Steve nodded. It was good advice.
“’Will you walk into my parlor?’ said the spider to the fly,” Steve muttered.
Twelve
Steve methodically worked at the massive bunkhouse as efficiently as he could.
He needed a place to shelter and protect all his prisoners from the elements. A place for them to end their day and rest for the next.
In addition to that, he’d already built an infirmary for them. If they got sick, tired, or wounded, they needed a place they could recover in peace without being bothered as people came and went.
They were murderers. The worst of the worst, one and all.
But they were his.
And he was going to make sure he kept them alive, healthy, and working. Because a dead prisoner wasn’t useful to anyone.
A happy prisoner—one who was well fed, cared for, and given a reason to put work in—was an extremely useful commodity.

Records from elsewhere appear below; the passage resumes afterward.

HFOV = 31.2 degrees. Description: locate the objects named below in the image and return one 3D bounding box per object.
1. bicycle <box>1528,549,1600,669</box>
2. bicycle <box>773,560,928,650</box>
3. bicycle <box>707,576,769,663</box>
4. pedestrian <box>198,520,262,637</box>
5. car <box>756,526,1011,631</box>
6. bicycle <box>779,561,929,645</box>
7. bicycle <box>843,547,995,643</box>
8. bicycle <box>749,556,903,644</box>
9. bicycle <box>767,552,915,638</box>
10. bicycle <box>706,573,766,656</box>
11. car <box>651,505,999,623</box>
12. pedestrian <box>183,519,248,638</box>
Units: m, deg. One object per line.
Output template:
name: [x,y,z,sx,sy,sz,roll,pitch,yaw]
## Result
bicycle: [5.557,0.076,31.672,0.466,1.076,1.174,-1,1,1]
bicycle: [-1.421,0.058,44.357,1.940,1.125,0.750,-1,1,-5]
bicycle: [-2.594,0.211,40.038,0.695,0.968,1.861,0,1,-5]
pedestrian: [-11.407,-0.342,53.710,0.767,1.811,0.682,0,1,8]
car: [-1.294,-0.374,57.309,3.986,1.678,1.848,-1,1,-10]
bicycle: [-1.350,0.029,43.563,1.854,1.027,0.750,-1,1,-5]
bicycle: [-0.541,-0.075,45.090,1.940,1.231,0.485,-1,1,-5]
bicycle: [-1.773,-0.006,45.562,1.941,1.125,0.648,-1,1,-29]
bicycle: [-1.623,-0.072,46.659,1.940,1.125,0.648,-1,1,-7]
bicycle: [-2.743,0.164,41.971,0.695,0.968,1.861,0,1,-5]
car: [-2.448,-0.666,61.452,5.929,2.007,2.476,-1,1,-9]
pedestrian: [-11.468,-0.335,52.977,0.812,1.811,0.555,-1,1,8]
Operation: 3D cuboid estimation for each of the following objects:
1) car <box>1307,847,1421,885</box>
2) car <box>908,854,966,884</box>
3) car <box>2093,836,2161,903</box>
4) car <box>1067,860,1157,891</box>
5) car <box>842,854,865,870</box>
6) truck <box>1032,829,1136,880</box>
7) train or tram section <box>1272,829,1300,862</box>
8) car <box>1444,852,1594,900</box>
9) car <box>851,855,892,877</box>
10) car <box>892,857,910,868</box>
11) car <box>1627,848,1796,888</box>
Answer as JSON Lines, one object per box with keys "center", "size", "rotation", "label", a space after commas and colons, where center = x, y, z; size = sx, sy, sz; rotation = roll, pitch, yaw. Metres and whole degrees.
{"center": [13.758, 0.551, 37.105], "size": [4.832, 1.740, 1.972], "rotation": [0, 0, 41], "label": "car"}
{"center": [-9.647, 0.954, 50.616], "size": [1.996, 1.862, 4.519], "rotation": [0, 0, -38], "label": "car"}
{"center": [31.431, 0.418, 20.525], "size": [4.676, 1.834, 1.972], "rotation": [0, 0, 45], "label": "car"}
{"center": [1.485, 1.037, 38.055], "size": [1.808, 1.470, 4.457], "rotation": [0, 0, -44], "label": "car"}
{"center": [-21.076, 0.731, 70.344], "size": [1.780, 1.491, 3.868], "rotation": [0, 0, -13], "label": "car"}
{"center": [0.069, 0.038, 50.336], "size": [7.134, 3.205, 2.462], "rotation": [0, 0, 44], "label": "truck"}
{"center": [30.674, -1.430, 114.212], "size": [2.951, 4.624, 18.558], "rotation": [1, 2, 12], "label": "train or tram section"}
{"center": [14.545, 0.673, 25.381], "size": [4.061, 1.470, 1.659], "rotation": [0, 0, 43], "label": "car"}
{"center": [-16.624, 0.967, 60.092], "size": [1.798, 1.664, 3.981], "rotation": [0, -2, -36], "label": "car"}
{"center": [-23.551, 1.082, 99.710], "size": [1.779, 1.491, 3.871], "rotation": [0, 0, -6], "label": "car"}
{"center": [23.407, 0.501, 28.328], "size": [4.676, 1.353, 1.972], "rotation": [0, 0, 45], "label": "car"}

Certainly a great deal better than killing them outright.
I wonder if the Lamals government does the same thing. Do they enlist murderers into the army and fling them out to the front?
Probably not a terrible idea if they’re always short on soldiers.
Or is the military too much of a trust issue? They may not be able to use murderers simply because it’s such a high-needs job.
Something to consider, I suppose.
Especially since it’s unlikely they have the collars.
Standing up, Steve swung his axe up on his shoulder. He’d taken to working in his loin cloth once more. The clothes he’d arrived in this world wearing had long since become little better than rags. Though he was fairly certain Nikki had stolen his windbreaker and put it somewhere safe.